Recensione libro: La Vita inaspettata

«Darwin fu un grande uomo, Signora, fu un genio, venuto al mondo per uno scopo speciale. Ma ha oltrepassato il segno. Sì, è andato oltre il segno per il quale era destinato», (Laura Fitzroy. 1934)

Rivolgendosi a Nora Barlow, nipote di Darwin, così si espresse l’ultimogenita di quel Capitano che, nonostante gli innumerevoli meriti come cartografo, meteorologo, politico e marinaio, rimarrà sempre ricordato come il «Capitano di Darwin», suo compagno di viaggio in quel giro intorno al mondo che si rivelò così fondamentale nella costruzione di quella colonna portante della biologia che è la teoria dell’evoluzione, nonché uno dei tanti agguerriti oppositori di questa nuova idea della vita. Così si apre La vita inaspettata – Il fascino di unevoluzione che non ci aveva previsto (Mondadori, 2011) dell’epistemologo Telmo Pievani: in che senso, dunque, Charles Darwin «ha oltrepassato il segno»?

Il prodotto di un processo imperfetto
Il fatto dell’evoluzione ha costretto l’uomo a ridefinire il proprio posto nella natura. Non siamo al gradino più alto della scala naturae, né il punto di arrivo di un percorso che lineare che passa attraverso una serie di «anelli mancanti» (un’espressione profondamente antiscientifica ma, purtroppo, di uso assai comune), siamo anzi il prodotto di un processo imperfetto dove la contingenza ha un ruolo di primo piano. Di più: la nostra specie, Homo sapiens, fino a non molti millenni fa divideva il pianeta con almeno altre cinque (!) specie di ominidi.

Scrive l’autore: «È stata una corsa con più atleti, fino al penultimo metro, e nessuno e nessuno dei corridori era uguale all’altro. Siamo così giunti alle soglie di un interrogativo che accompagnerà come una filigrana la nostra argomentazione: possiamo, nonostante tutto, considerare questa solitudine tardiva come un esito necessario dell’evoluzione umana?» La domanda è ovviamente retorica. Ogni dato in nostro possesso lo esclude da tempo, insomma «prima della Storia con la maiuscola ci sono state molte pre-istorie con la minuscola».

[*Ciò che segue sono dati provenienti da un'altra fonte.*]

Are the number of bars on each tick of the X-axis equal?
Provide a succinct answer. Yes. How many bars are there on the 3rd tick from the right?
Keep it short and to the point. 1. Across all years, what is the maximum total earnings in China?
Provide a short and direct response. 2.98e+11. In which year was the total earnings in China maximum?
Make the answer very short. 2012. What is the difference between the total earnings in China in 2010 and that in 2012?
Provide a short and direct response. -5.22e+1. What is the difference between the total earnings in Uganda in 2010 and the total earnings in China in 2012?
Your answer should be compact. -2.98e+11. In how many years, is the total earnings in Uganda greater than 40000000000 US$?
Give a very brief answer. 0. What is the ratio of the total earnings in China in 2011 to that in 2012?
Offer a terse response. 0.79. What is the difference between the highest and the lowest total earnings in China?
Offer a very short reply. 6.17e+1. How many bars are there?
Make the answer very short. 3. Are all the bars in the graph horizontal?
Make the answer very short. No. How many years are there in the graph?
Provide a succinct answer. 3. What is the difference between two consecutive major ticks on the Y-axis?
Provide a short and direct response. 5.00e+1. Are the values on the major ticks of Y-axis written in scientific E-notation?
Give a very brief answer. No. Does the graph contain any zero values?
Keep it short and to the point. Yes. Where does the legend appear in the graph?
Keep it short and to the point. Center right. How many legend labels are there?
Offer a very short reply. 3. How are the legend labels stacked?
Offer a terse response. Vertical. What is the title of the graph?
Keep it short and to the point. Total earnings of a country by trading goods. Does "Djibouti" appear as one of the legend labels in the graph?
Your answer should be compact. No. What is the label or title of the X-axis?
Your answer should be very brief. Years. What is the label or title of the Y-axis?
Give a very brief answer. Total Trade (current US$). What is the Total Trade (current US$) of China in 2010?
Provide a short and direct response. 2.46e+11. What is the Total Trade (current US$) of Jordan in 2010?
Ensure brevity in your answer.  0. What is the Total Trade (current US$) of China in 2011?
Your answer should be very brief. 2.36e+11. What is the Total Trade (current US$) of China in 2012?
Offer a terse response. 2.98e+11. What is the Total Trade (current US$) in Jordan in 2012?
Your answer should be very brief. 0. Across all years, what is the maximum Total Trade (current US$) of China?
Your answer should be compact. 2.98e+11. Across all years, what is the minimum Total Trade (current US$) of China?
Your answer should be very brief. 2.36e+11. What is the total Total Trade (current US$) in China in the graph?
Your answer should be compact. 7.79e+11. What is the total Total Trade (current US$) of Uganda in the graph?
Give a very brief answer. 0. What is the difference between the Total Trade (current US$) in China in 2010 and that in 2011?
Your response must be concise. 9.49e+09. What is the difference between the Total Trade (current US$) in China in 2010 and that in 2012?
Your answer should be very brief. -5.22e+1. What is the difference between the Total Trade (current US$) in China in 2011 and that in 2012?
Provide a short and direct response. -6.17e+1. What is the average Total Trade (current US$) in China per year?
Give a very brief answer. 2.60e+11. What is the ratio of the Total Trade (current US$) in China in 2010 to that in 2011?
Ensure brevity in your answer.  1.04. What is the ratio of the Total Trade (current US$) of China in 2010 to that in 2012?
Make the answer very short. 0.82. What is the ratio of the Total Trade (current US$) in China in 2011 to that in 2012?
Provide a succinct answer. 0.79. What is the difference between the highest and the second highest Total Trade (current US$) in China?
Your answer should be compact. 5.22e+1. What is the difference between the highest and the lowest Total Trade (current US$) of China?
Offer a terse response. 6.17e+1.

I tanti seignificati della parola 'casuale'
Ma non tutti sono disposti ad accettare i fatti per quelli che sono. Creazionismi, vecchi e nuovi, convinti che l’appassionante storia dell’evoluzione nella quale l’uomo è solo un corto rametto periferico di un grande e intricato albero della vita, e non un racconto che diventa ogni volta più esaltante, sembrano essere in particolar modo ossessionati da una parola: caso. Nel terzo capitolo, Unavvincente esplorazione di possibilità, paragrafo Polisemie del caso, l’autore «svela» appunto i tanti significati della parola. Quando si parla di caso relativamente all’evoluzione, casuale non è certo sinonimo di senza causa, ma si riferisce ad eventi, come le mutazioni, che pur avendo cause precise, anche se a volte ancora da definire, avvengono indipendentemente dagli effetti sugli organismi.

Spontaneo chiedersi se, allora, se all’uomo rimanga un ruolo, una responsabilità, all’interno del mondo naturale, privo di progetti, nel quale si trova, e quale sia. Secondo l’autore noi siamo, come recita il titolo del capitolo conclusivo, Sovrani dellimprobabile. «Dove ci scopriamo liberi e responsabili di un vasto Universo che avrebbe potuto benissimo fare a meno di noi, ma che ci ha permesso concepire, fra l’altro, la giustizia e dove si ipotizza a dispetto di molti profeti di sventura che proprio la contingenza e l’imprevidibilità del nostro divenire evolutivo siano fondamento robusto di virtù morali e di «vita autentica».